CROWD CONTROL

By Joseph Daleiden.

Joseph Daleiden is executive director of the Midwest Coalition for
Immigration Reform.

The Chicago Tribune
January 7, 1999

News article after news article on immigration characterizes anyone who
opposes the current level of immigration as anti-immigrant. This is
biased and deceitful. It's like saying that anyone who doesn't want 10
or 12 children is anti-children. The truth is that many people are
pro-immigration but recognize that the present level of immigration is
unsustainable and will eventually be detrimental to Americans and
immigrants alike.

One often-used irrelevant argument is that we are a nation of
immigrants. While true, it does not shed light on the question of how
many immigrants should be admitted annually and what should be the
criteria for admission. To understand the issue, we must focus on the
numbers involved. Although the Census Bureau has not released the
number of immigrants for fiscal 1997, most analysts believe that at
least 1 million legal and between 300,000 to 500,000 illegal immigrants
are entering the U.S. each year. This is about four times the number
who came to America annually during the 1950s and 1960s.

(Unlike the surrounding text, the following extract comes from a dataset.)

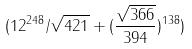<formula> <loc_0><loc_0><loc_500><loc_500>( 1 2 ^ { 2 4 8 } / \sqrt { 4 2 1 } + ( \frac { \sqrt { 3 6 6 } } { 3 9 4 } ) ^ { 1 3 8 } )</formula> 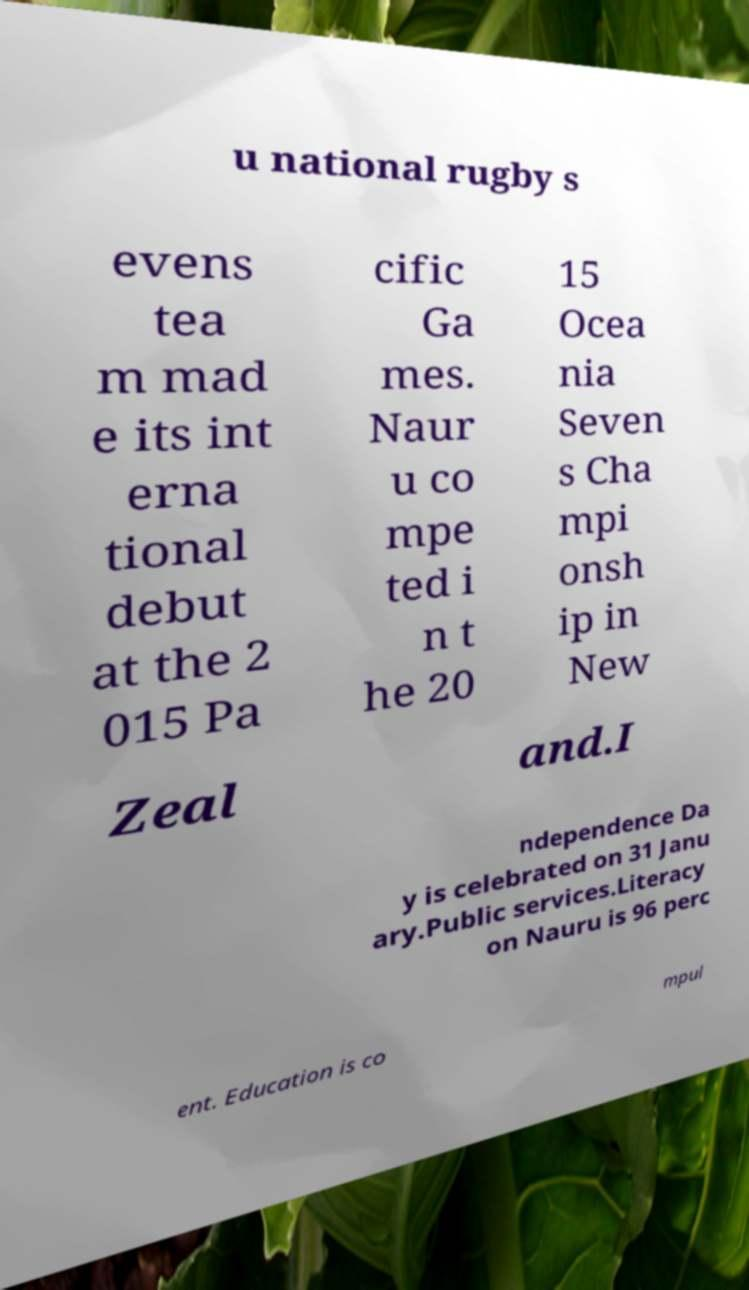I need the written content from this picture converted into text. Can you do that? u national rugby s evens tea m mad e its int erna tional debut at the 2 015 Pa cific Ga mes. Naur u co mpe ted i n t he 20 15 Ocea nia Seven s Cha mpi onsh ip in New Zeal and.I ndependence Da y is celebrated on 31 Janu ary.Public services.Literacy on Nauru is 96 perc ent. Education is co mpul

Even this does not put the issue in perspective, however. The crux of
the problem is the cumulative impact. At present rates of immigration,
the U.S. population will increase by up to 200 million persons in the
next 50 to 60 years. Even if all immigration were halted today--and few
persons are suggesting such a draconian policy--we will still add up to
80 million people due to the children and grandchildren from the wave
of immigrants that have entered the U.S. since 1970.

So what? Isn't this unending supply of cheap, compliant, hardworking
labor good for America? It is often said that America depends on
immigrants for its future prosperity. If this were true, then we are
indeed doomed as a nation, since it means that we are dependent on a
constantly growing population for economic success. Given the present
immigration trends, which will account for 70 to 80 percent of the
population growth in the next century, it is only a matter of time
before the population of the U.S. surpasses that of India and China.
Why would any nation want to implement such a disastrous policy?

The answer is that few Americans, especially politicians, look past the
next couple of years. It is sometimes suggested that if we find we are
overpopulated we can then cut back on immigration. But even if we
halted all immigration today, it would take at least 50 years before
U.S. population would level out. The reason is, of course, the
fertility rate of immigrants is far higher than that of native-born
Americans. It takes two to three generations before the rate drops to
about the national American average,

The argument that without immigration there will be nobody to do the
jobs that immigrants do is the same logic that was used to justify
slavery: "Without slaves, who will pick the cotton?" The answer, as any
economist knows, is that in a market economy wage rates will always
adjust to the level necessary to attract sufficient labor or stimulate
innovation to mechanize the jobs.

The persons most hurt by excessive immigration are low-skilled
Americans and future generations of immigrants. A recent study by the
National Academy of Sciences found that our immigration policy results
in a transfer of income from the poorest paid Americans to immigrants.
For example, as farm workers have painfully discovered, the constant
supply of legal and illegal immigrants has reduced their already meager
wages, after adjusting for inflation, by 20 to 30 percent since 1970.

In the long run, we will all pay the price. Taxpayers have to provide
schools, highways, water and sewage, police and fire, health care,
Social Security, etc. Of course immigrants pay taxes for these
services, but low-wage workers receive more in benefits than they pay
in taxes. Moreover, according to a U.S. General Accounting Office
study, immigrants are twice as likely to use welfare as Americans.

Providing education for the children of immigrants is especially
burdensome for the taxpayers. According to the Center for Immigration
Studies, Illinois will need to build a new school each month for the
foreseeable future to accommodate the growth in population driven by
immigration. Texas needs to build a school every week and California
has the impossible task of building a school every day.

Although poll after poll indicates that most American would like to see
immigration cut back to traditional levels (about 250,000 a year),
present immigration policy has been determined by a coalition of
businesses who benefit from a limitless supply of cheap labor,
immigration lawyers, immigrant lobbies and naive do-gooders who think
that bringing in 1 million of the world's 4 billion poor will somehow
reduce world poverty.

Americans, like most people, tend to live for the moment, with little
thought for the future. The hundreds of billions of dollars that are
being expended to correct the Y2K computer problem were totally
unnecessary with just a modicum of forethought. What can a nation do
when it discovers it is overpopulated? Ask China and India.